The intermittent strikes and protests over pensions, not just in 2010 but earlier in the previous decade during reforms under minister of social affairs François Fillon, have not been entirely without cause.
“People always ignore how much France has reformed,” says Grech. Back in 2001, he points out, when the European Commission began its forecasts of pension spending as a proportion of GDP, French expenditure was expected to increase by 3.6 per cent by 2040. Today, it’s 0.5 per cent by 2060, against a 1.5 per cent European average and 2.6 per cent in Germany.
“It really has done a lot to adjust the system.”
So why the European Commission’s dire warnings in May? It called for “urgently needed” policies, with commissioner for economic and monetary affairs Olli Rehn even hinting the Commission might use new EU powers, including fines, to compel reform.
Partly it’s a proxy for concerns about the French economy generally, suggests Grech. Although the country emerged from recession to grow 0.5 per cent in the second quarter, the economy faces significant challenges, including unemployment that hit a new record of 11 per cent in June and is expected by the International Monetary Fund to increase to 11.6 percent next year.
It also does face that significant pensions deficit of €20 billion in 2020, while the proposed reforms’ aim to tackle about €7 billion, which is the part of the estimated deficit in the general regime only (with France also having a number of complementary schemes in different industries). Even that might be too hopeful.
“The deficit numbers are probably an underestimate because they are based on optimistic assumptions in terms of underlying economic growth and unemployment rates,” says OECD senior economist and head of the French desk Hervé Boulhol.
Added to that, pensions spending in France remains significantly higher than elsewhere: over 13 per cent of the GDP in 2011, against 7-8 per cent in the UK, and accounting for 26 per cent of the total public expenditure for the same year, against less than 16 per cent in the UK. And despite this, it provides wildly different outcomes, with the complexity ensuring some workers, such as those in the public sector, do much better than others.
This, again, explains some of the continuing calls for reform. The OECD, for example, would like to see a universal pension scheme – “systemic reform that would not only increase transparency but would be fairer and enable labour market mobility between public and private sectors”, says Boulhol.
“It is not just about budgets.”
Plus ça change…
This kind of systematic reform, however, will certainly not result from the current proposals – no matter what happens in the weeks ahead.
According to the University of Reims’ Anne Reimat the financial crisis has had a “catalytic effect” in France, highlighting weaknesses of the pension system. But, despite this, proposals on the table are “parametric” – just as earlier reforms.

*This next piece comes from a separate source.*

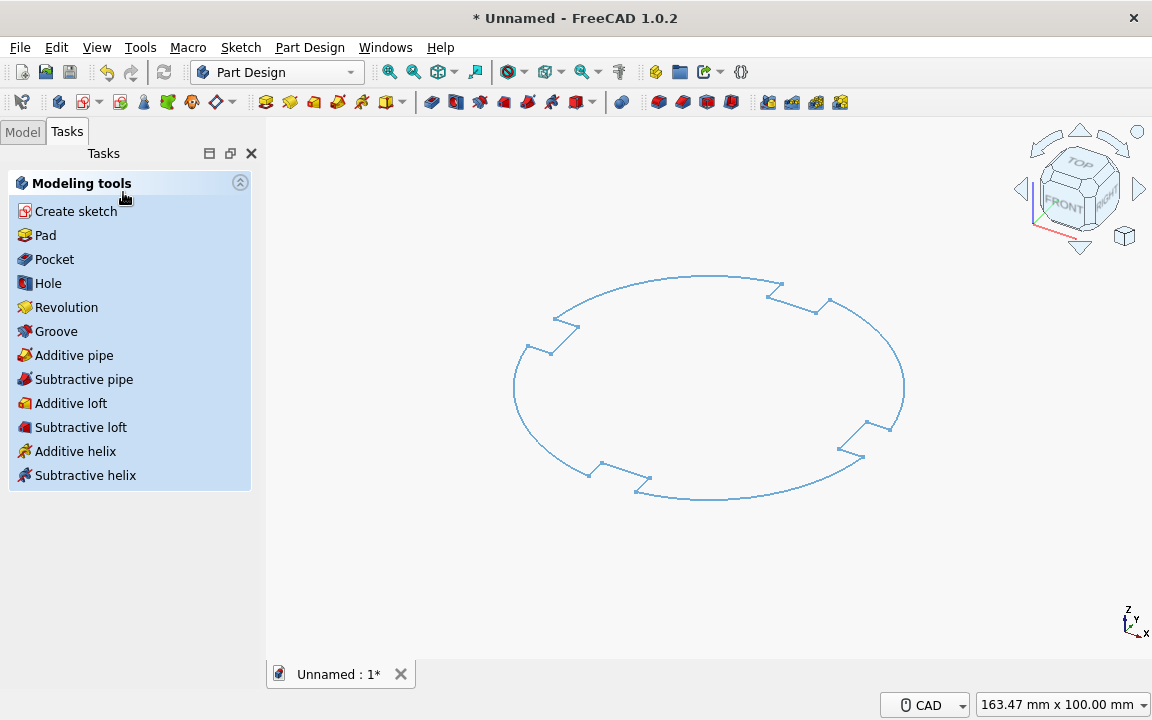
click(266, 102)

“They don’t change the structural functioning of the whole system – mainly public, financed through mandatory social contributions and pay-as-you-go, based on the employment status; they only change the level of social contribution, the age of retirement, the length of the career necessary to obtain a full pension, and so on,” she explains.

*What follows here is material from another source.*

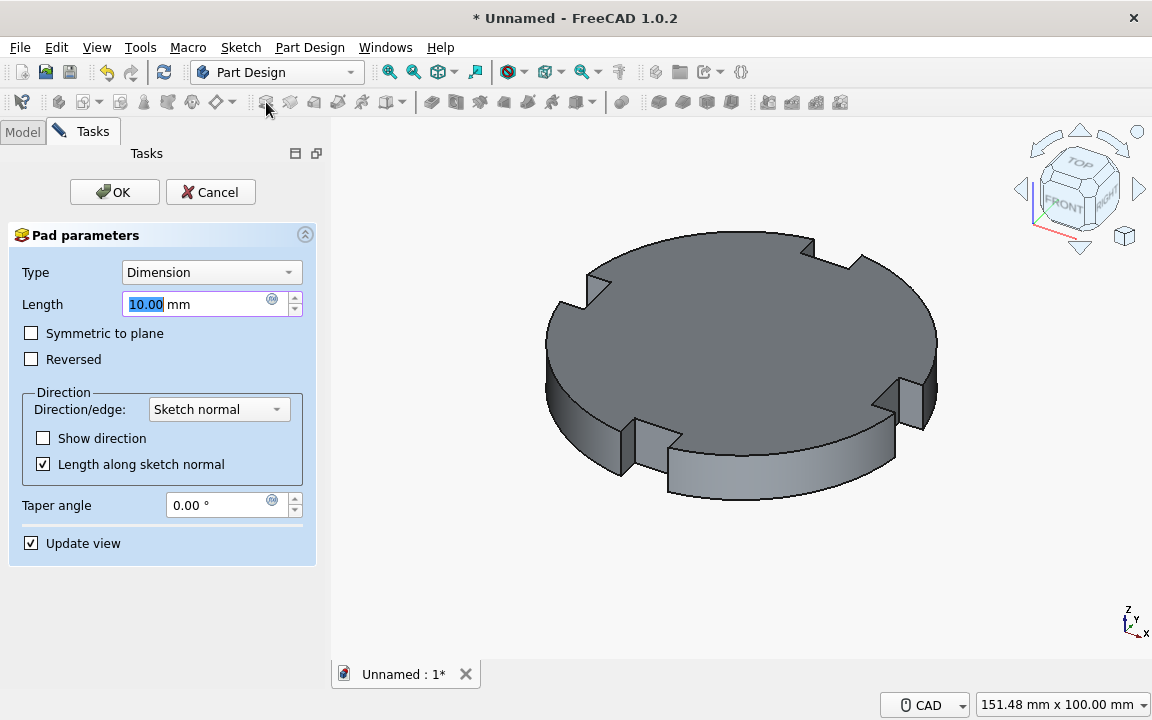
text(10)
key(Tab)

No structural changes seen elsewhere, such as the introduction of notional accounts or big increases in the share of private funded pensions, which account for less than 4 per cent of the value of French pensions, are likely.
“Indeed, despite the difficulties, there is still a consensus to maintain the current system in this state, or, more exactly, a consensus that the political and economic costs of changing the system seem too high,” says Reimat.
Given that, it’s hard to disagree with the unions on one thing at least: pensions will remain a source of contention in France for some time to come.